What to work on - Please keep pictures out and return the lines below exactly, from the one holding "Lengths in meters, angles in degrees." through the last, both included.

Items from a data source
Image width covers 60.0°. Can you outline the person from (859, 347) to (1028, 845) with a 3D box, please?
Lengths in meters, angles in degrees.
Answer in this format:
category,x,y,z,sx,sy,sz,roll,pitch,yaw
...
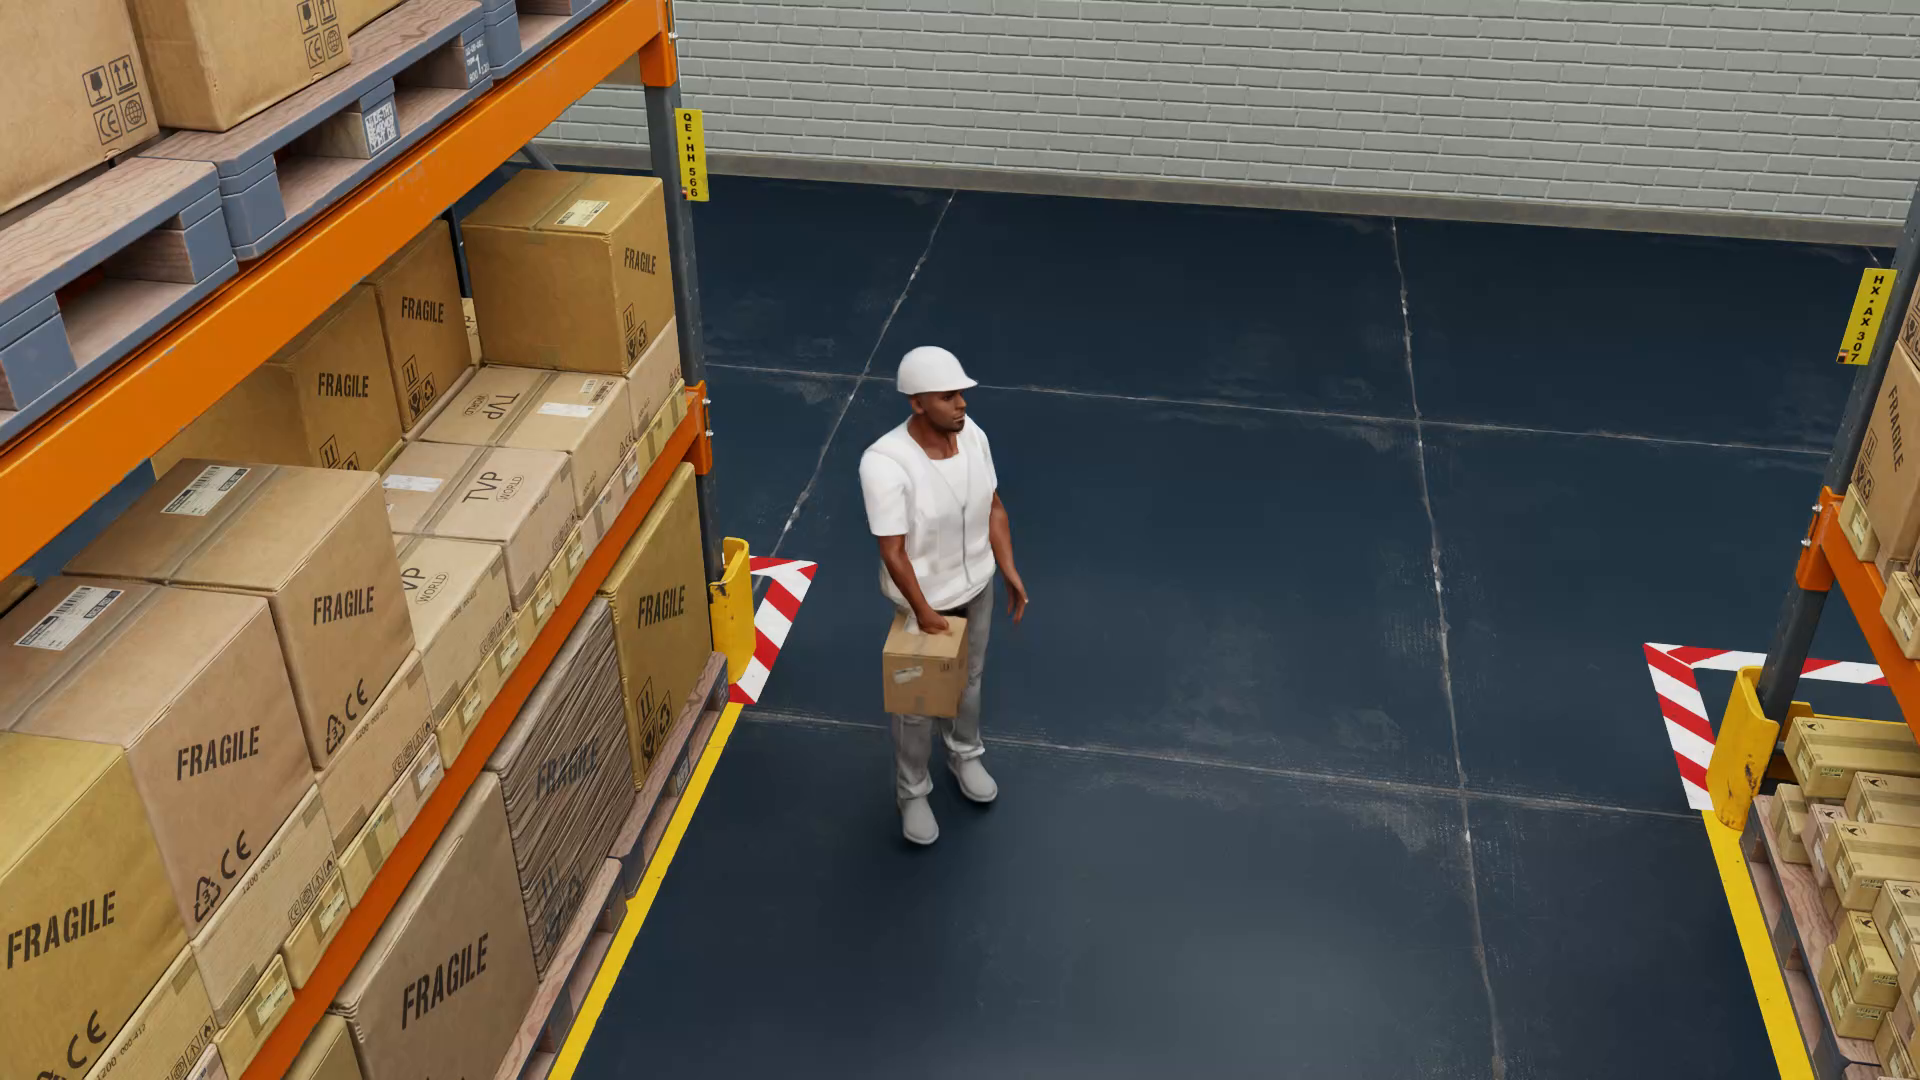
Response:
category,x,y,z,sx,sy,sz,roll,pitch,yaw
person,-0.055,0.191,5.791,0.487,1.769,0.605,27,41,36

Expected answer -
Lengths in meters, angles in degrees.
Answer in this format:
category,x,y,z,sx,sy,sz,roll,pitch,yaw
...
Response:
category,x,y,z,sx,sy,sz,roll,pitch,yaw
person,-0.055,0.191,5.791,0.487,1.769,0.605,27,41,36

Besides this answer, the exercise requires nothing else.